GradientBoostingRegressor(loss='huber', max_depth=6, max_features=0.1,
                          min_samples_leaf=9, n_estimators=1000)

Now that the ML model is trained, the next step is to measure the performance of the model is.

I will use the **mean absolute error** to check the accuracy of my models predictions.
Mean absolute error expresses how incorrect the model is in an average prediction. 

In [17]:
# error rate on the training set
mse = mean_absolute_error(y_train, model.predict(X_train))
print("Training Set Mean Absolute Error: %.4f" % mse)

Training Set Mean Absolute Error: 48464.0062


In [18]:
# error rate on the test set
mse = mean_absolute_error(y_test, model.predict(X_test))
print("Test Set Mean Absolute Error: %.4f" % mse)

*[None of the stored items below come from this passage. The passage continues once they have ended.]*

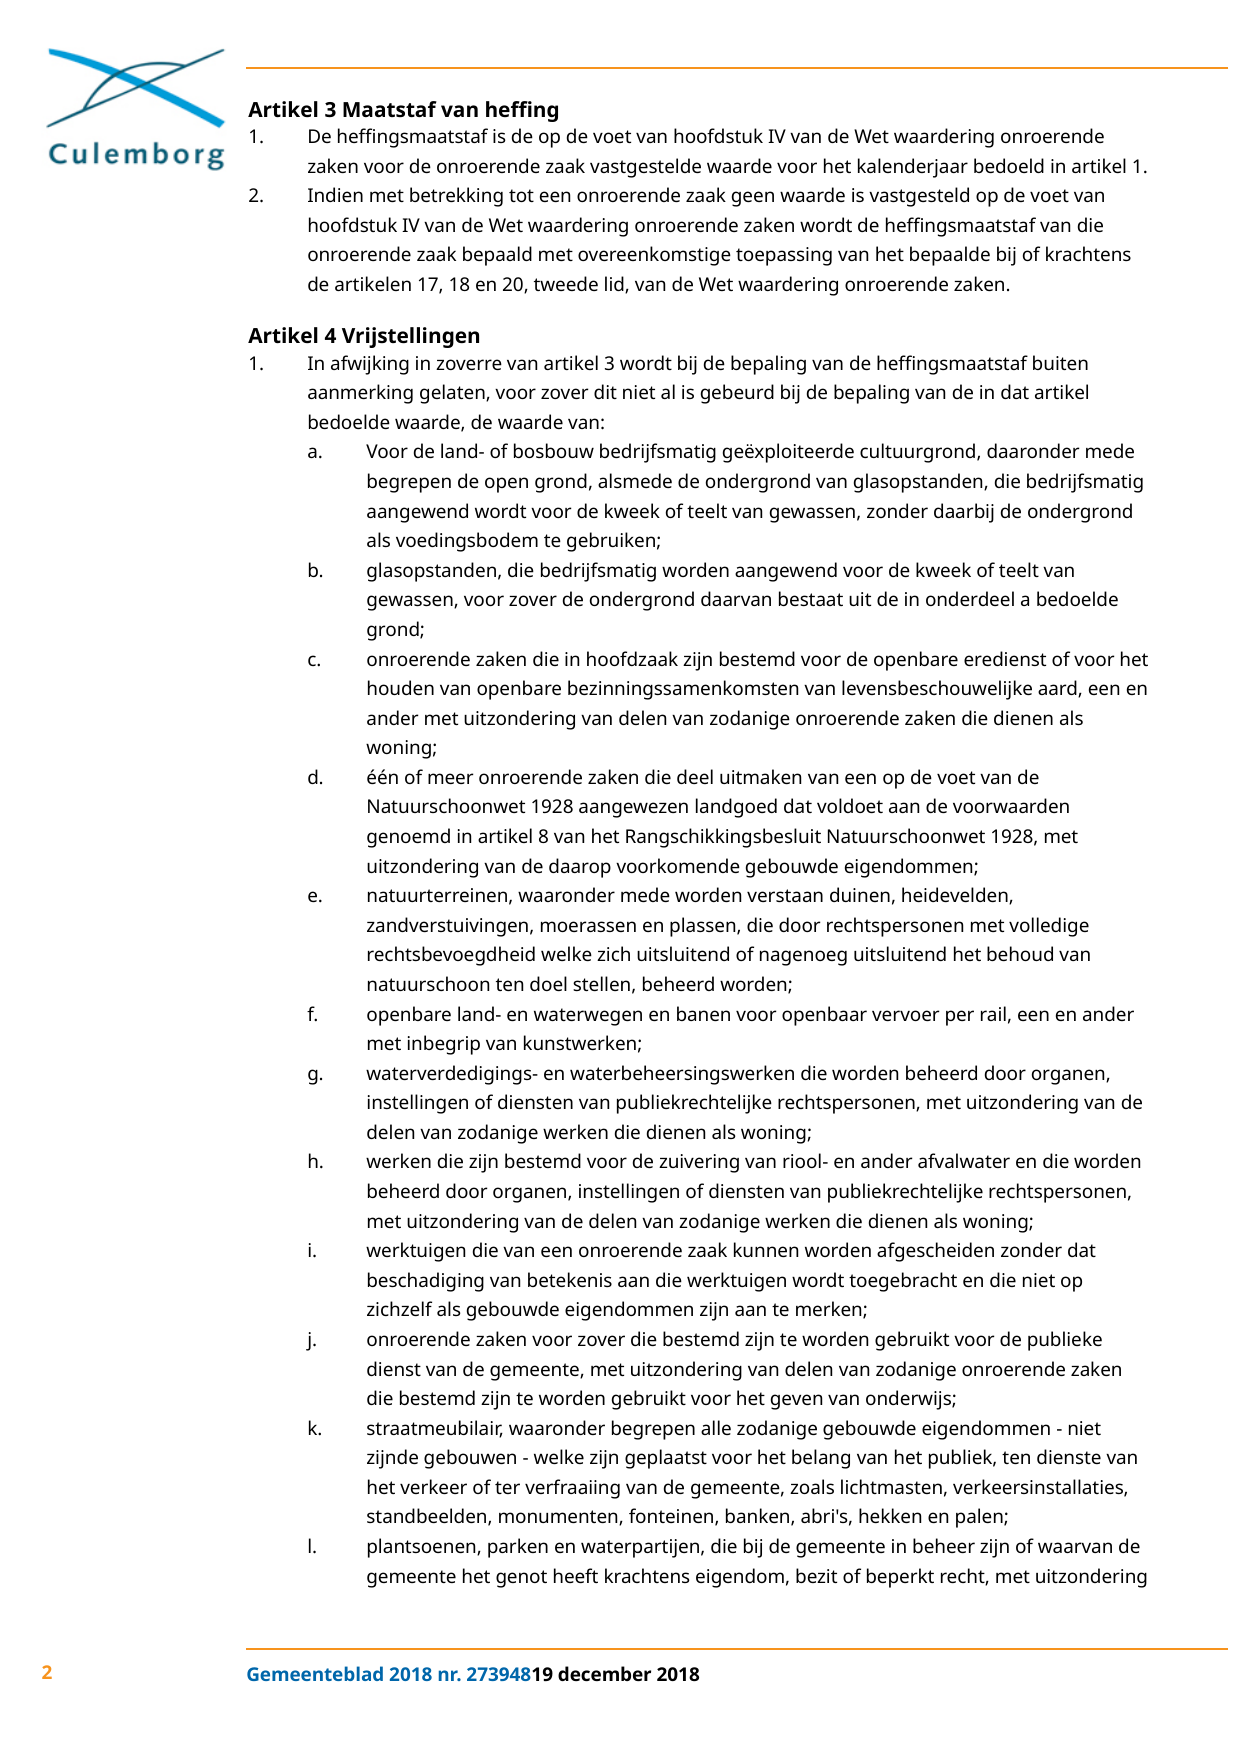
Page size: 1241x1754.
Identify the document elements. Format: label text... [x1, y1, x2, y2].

list In afwijking in zoverre van artikel 3 wordt bij de bepaling van de heffingsmaatstaf buiten aanmerking gelaten, voor zover dit niet al is gebeurd bij de bepaling van de in dat artikel bedoelde waarde, de waarde van: [248, 350, 1152, 435]
list Voor de land- of bosbouw bedrijfsmatig geëxploiteerde cultuurgrond, daaronder mede begrepen de open grond, alsmede de ondergrond van glasopstanden, die bedrijfsmatig aangewend wordt voor de kweek of teelt van gewassen, zonder daarbij de ondergrond als voedingsbodem te gebruiken; [307, 439, 1152, 553]
list natuurterreinen, waaronder mede worden verstaan duinen, heidevelden, zandverstuivingen, moerassen en plassen, die door rechtspersonen met volledige rechtsbevoegdheid welke zich uitsluitend of nagenoeg uitsluitend het behoud van natuurschoon ten doel stellen, beheerd worden; [307, 882, 1152, 997]
list waterverdedigings- en waterbeheersingswerken die worden beheerd door organen, instellingen of diensten van publiekrechtelijke rechtspersonen, met uitzondering van de delen van zodanige werken die dienen als woning; [307, 1060, 1152, 1145]
list glasopstanden, die bedrijfsmatig worden aangewend voor de kweek of teelt van gewassen, voor zover de ondergrond daarvan bestaat uit de in onderdeel a bedoelde grond; [307, 557, 1152, 642]
list plantsoenen, parken en waterpartijen, die bij de gemeente in beheer zijn of waarvan de gemeente het genot heeft krachtens eigendom, bezit of beperkt recht, met uitzondering [307, 1533, 1152, 1589]
list straatmeubilair, waaronder begrepen alle zodanige gebouwde eigendommen - niet zijnde gebouwen - welke zijn geplaatst voor het belang van het publiek, ten dienste van het verkeer of ter verfraaiing van de gemeente, zoals lichtmasten, verkeersinstallaties, standbeelden, monumenten, fonteinen, banken, abri's, hekken en palen; [307, 1415, 1152, 1529]
list Indien met betrekking tot een onroerende zaak geen waarde is vastgesteld op de voet van hoofdstuk IV van de Wet waardering onroerende zaken wordt de heffingsmaatstaf van die onroerende zaak bepaald met overeenkomstige toepassing van het bepaalde bij of krachtens de artikelen 17, 18 en 20, tweede lid, van de Wet waardering onroerende zaken. [248, 182, 1152, 297]
list één of meer onroerende zaken die deel uitmaken van een op de voet van de Natuurschoonwet 1928 aangewezen landgoed dat voldoet aan de voorwaarden genoemd in artikel 8 van het Rangschikkingsbesluit Natuurschoonwet 1928, met uitzondering van de daarop voorkomende gebouwde eigendommen; [307, 764, 1152, 879]
list werktuigen die van een onroerende zaak kunnen worden afgescheiden zonder dat beschadiging van betekenis aan die werktuigen wordt toegebracht en die niet op zichzelf als gebouwde eigendommen zijn aan te merken; [307, 1237, 1152, 1322]
list onroerende zaken voor zover die bestemd zijn te worden gebruikt voor de publieke dienst van de gemeente, met uitzondering van delen van zodanige onroerende zaken die bestemd zijn te worden gebruikt voor het geven van onderwijs; [307, 1326, 1152, 1411]
text Artikel 3 Maatstaf van heffing [248, 95, 1152, 123]
text Artikel 4 Vrijstellingen [248, 322, 1152, 350]
list De heffingsmaatstaf is de op de voet van hoofdstuk IV van de Wet waardering onroerende zaken voor de onroerende zaak vastgestelde waarde voor het kalenderjaar bedoeld in artikel 1. [248, 123, 1152, 178]
picture [41, 47, 231, 172]
list werken die zijn bestemd voor de zuivering van riool- en ander afvalwater en die worden beheerd door organen, instellingen of diensten van publiekrechtelijke rechtspersonen, met uitzondering van de delen van zodanige werken die dienen als woning; [307, 1149, 1152, 1234]
list onroerende zaken die in hoofdzaak zijn bestemd voor de openbare eredienst of voor het houden van openbare bezinningssamenkomsten van levensbeschouwelijke aard, een en ander met uitzondering van delen van zodanige onroerende zaken die dienen als woning; [307, 646, 1152, 760]
list openbare land- en waterwegen en banen voor openbaar vervoer per rail, een en ander met inbegrip van kunstwerken; [307, 1001, 1152, 1056]

Test Set Mean Absolute Error: 59321.4621


For the training set, the MAE is 48,464 dollars. This means that our model is off by about 48,000 dollars in a given prediction. So the model was able to predict the value of every house in the training data set to within $48,000 of the real price.

For the test set, the MAE was a bit higher at $59,321. Which means that the model still works for houses it has never seen before, but not quite as well as for the training houses.

Given the wide range of houses in my model, that is quite good.